How to show that the difference of two Gumbel distributed random variables follows a Logistic distribution? 
How to show that, for two random variables $X,Y\sim\text{Gumbel}[0,1]$, $X-Y\sim\text{Logistic}[0,1]$?

I tried to use the convolution formula $$\int_{-\infty}^{\infty}f_X(w)f_{-Y}(z-w)dw$$ I obtain $$\int_{-\infty}^{\infty} e^{-e^{-w}-e^{z-w}+z-2w}~dw$$ However, I cannot find the antiderivative of this expression.
Now I have two questions:


*

*Am I taking the right approach to show this?

*Can you give me a hint how to solve the integral or recommend any literature that might help?

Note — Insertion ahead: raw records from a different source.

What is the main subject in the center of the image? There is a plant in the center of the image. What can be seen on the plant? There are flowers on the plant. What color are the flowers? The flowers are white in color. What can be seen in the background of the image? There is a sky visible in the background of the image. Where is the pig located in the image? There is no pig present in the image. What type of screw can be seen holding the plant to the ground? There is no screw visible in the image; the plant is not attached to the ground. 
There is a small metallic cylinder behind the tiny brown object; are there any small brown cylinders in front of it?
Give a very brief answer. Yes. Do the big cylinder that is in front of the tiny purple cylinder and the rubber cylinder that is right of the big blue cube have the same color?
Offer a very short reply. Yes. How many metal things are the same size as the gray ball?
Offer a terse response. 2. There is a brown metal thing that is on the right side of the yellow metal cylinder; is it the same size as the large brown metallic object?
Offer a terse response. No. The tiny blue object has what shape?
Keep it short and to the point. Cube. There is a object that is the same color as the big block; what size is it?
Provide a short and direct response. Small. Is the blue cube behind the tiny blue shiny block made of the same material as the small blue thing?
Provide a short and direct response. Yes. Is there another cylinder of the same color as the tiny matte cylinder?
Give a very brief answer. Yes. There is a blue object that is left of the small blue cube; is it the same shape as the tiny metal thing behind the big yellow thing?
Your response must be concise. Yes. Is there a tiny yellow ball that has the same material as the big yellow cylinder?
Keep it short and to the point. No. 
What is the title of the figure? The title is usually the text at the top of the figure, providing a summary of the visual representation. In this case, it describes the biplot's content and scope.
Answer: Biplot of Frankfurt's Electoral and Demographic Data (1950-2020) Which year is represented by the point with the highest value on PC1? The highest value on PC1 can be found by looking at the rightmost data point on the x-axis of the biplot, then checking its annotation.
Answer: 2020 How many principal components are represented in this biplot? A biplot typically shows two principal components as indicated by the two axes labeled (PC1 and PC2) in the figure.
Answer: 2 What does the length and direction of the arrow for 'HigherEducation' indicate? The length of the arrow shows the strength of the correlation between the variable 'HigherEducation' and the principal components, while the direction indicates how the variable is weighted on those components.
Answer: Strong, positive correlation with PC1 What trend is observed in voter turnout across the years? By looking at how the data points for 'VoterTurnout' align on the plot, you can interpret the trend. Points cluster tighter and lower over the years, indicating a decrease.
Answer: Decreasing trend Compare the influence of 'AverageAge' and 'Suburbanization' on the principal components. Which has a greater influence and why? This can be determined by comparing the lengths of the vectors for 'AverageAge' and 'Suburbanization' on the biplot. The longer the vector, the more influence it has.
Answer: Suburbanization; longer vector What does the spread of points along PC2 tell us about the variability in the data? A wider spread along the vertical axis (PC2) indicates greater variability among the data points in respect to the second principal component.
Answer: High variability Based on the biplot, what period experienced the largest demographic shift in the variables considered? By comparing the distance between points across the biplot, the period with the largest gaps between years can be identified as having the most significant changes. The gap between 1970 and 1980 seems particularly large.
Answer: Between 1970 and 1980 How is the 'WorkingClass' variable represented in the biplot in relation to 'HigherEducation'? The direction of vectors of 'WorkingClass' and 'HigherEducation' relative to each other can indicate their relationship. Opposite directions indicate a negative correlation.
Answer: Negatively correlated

 A: The change of variables $u=\mathrm e^{-w}$ transforms this into a neat gamma integral, to which one can apply the change of variable $v=(\mathrm e^z-1)u$ to conclude. 
Note that the transformation $w\to\mathrm e^{-w}$ is ubiquitous in quite a few Gumbel related manipulations.
A: This can also be done quite simply using characteristic functions.
The characteristic function for the Gumbel($\mu$,1) is
$\Phi(t)=e^{i\mu t}\Gamma(1-it)$.
For independent variables X and Y, their linear combination has characteristic function:
\begin{align}
\Phi_{X-Y}(t)&=\Phi_{X}(t)\Phi_{Y}(-t)\\
&=e^{i\mu_X t}\Gamma(1-it)e^{-i\mu_Y t}\Gamma(1+it)\\
&=e^{(\mu_X-\mu_Y) it}\Gamma(1-it)it\Gamma(it)
\end{align}
where the last line uses the fact that the Gamma function satisfies the functional equation $\Gamma(1+z)=z\Gamma(z)$.
We then use Euler's Reflection Formula $\Gamma(z)\Gamma(1-z)=\frac{\pi}{\sin(\pi z)}$ to get
\begin{align}
\Phi_{X-Y}(t)&=e^{(\mu_X-\mu_Y) it} i t\frac{\pi}{\sin(\pi it)}\\
&=e^{(\mu_X-\mu_Y) it} \frac{\pi t}{-i \sin(\pi it)}\\
\end{align} 
which is the characteristic function for the logistic distribution.